The storage unit 114 stores various information for the operation of the suction device 100 . The storage unit 114 is configured by, for example, a non-volatile storage medium such as flash memory. An example of the information stored in the storage unit 114 is information regarding the OS (Operating System) of the suction device 100, such as control details of various components by the control unit 116. FIG. Another example of the information stored in the storage unit 114 is information related to suction by the user, such as the number of times of suction, suction time, total suction time, and the like.

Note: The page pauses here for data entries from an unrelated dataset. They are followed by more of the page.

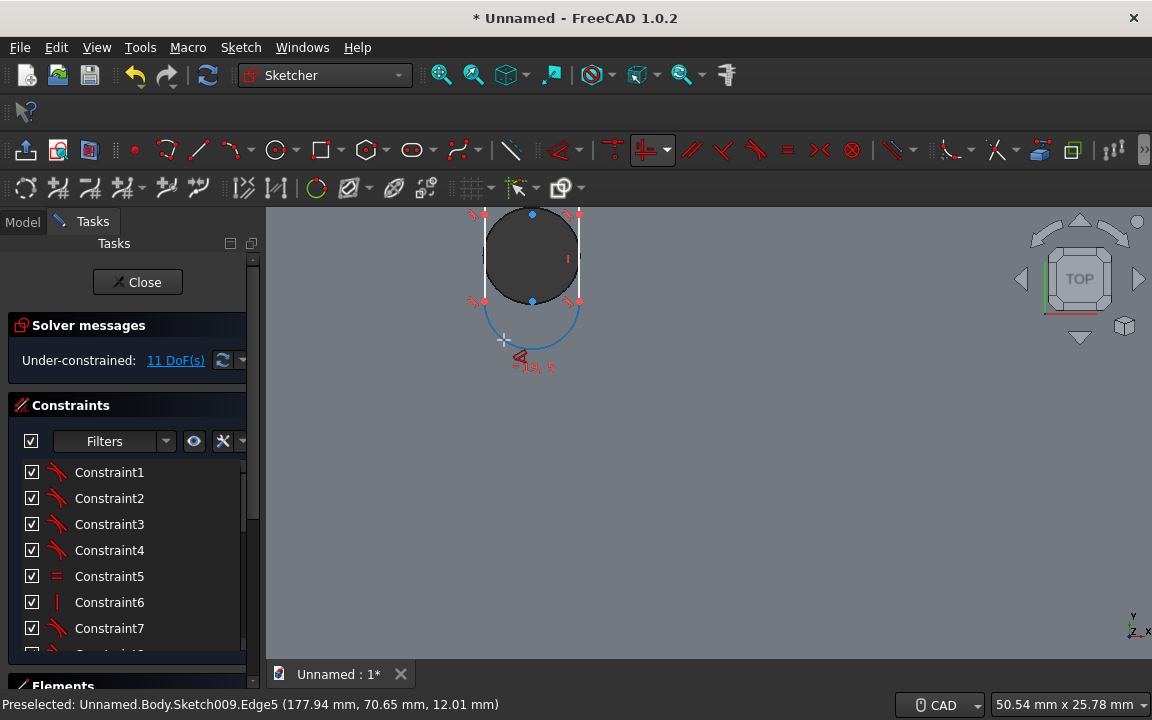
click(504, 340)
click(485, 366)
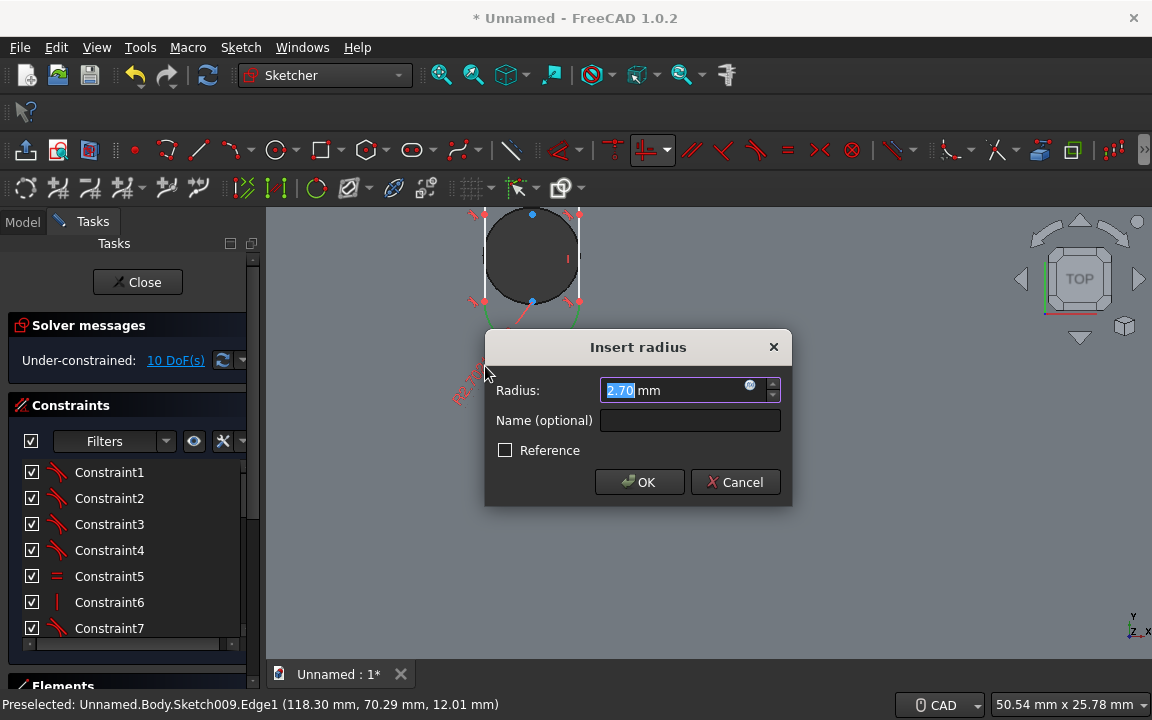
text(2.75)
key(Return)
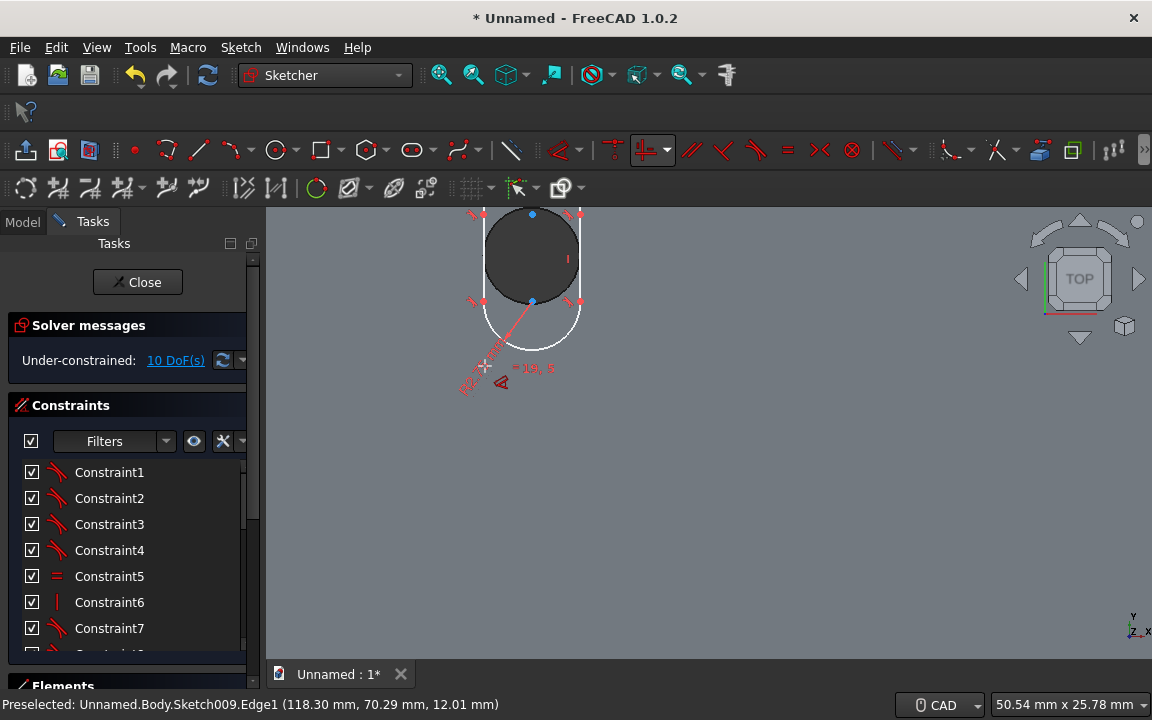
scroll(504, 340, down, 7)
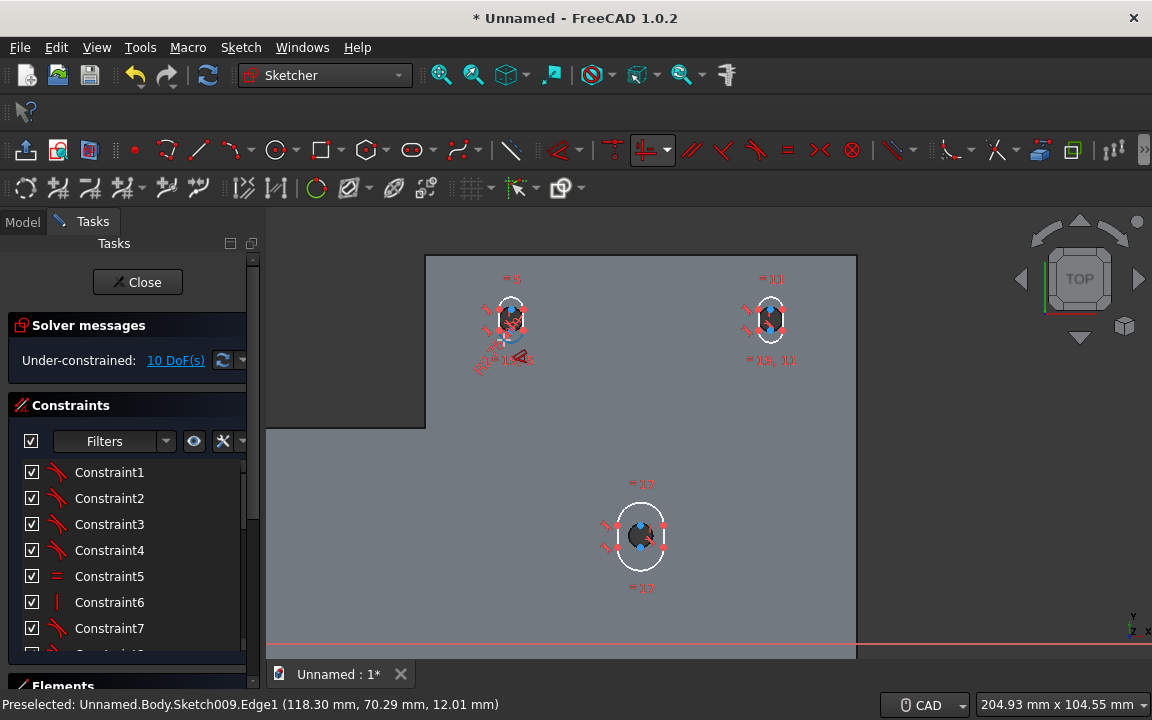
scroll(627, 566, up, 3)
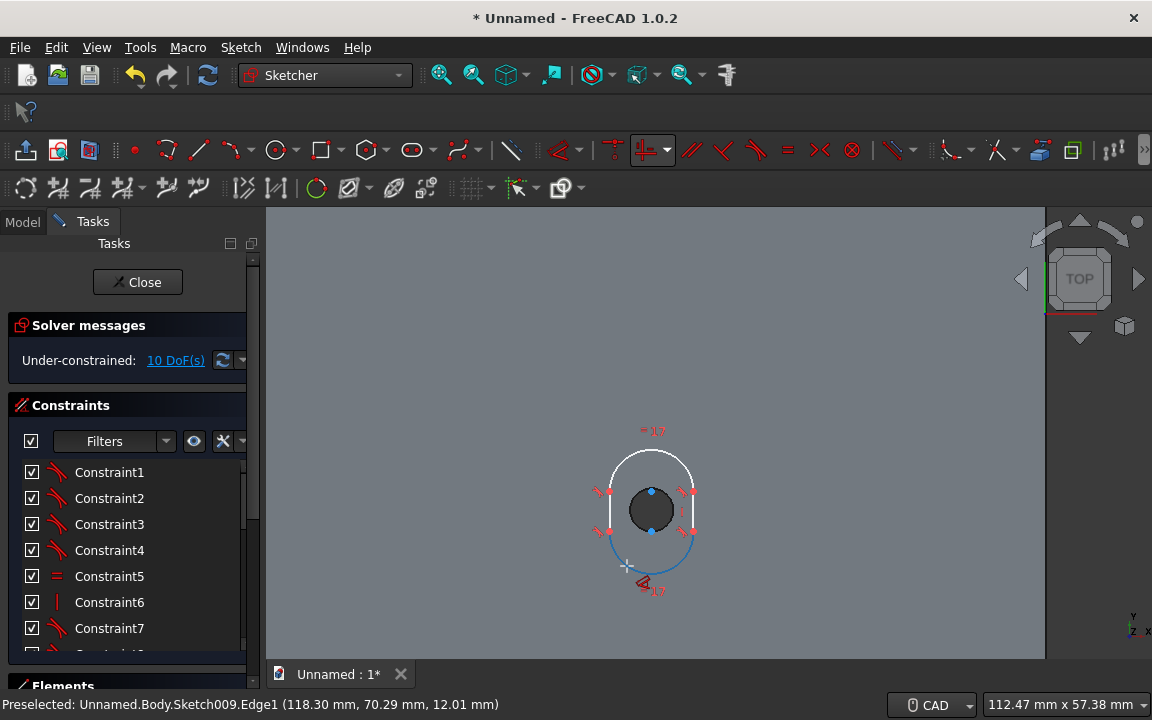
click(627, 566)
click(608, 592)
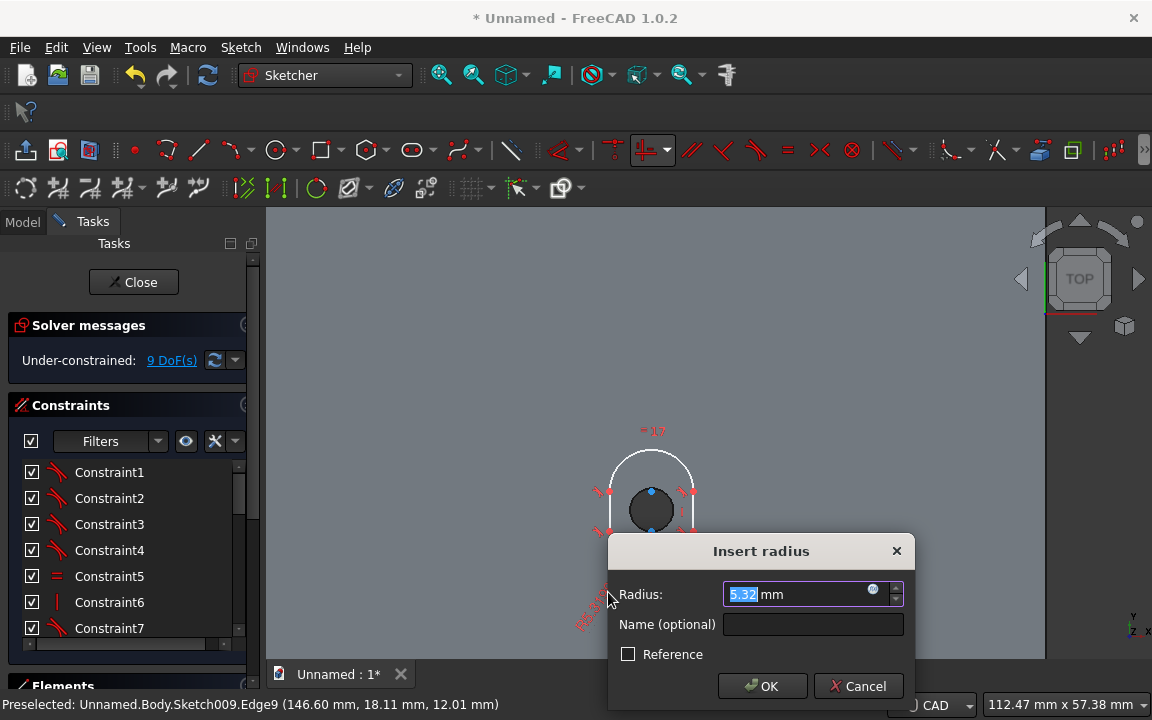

The communication unit 115 is a communication interface for transmitting and receiving information between the suction device 100 and other devices. The communication unit 115 performs communication conforming to any wired or wireless communication standard. As such a communication standard, for example, wireless LAN (Local Area Network), wired LAN, Wi-Fi (registered trademark), Bluetooth (registered trademark), or the like can be adopted. As an example, the communication unit 115 transmits information about suction by the user to the smartphone so that the smartphone displays information about suction by the user. As another example, the communication unit 115 receives new OS information from the server in order to update the OS information stored in the storage unit 114 .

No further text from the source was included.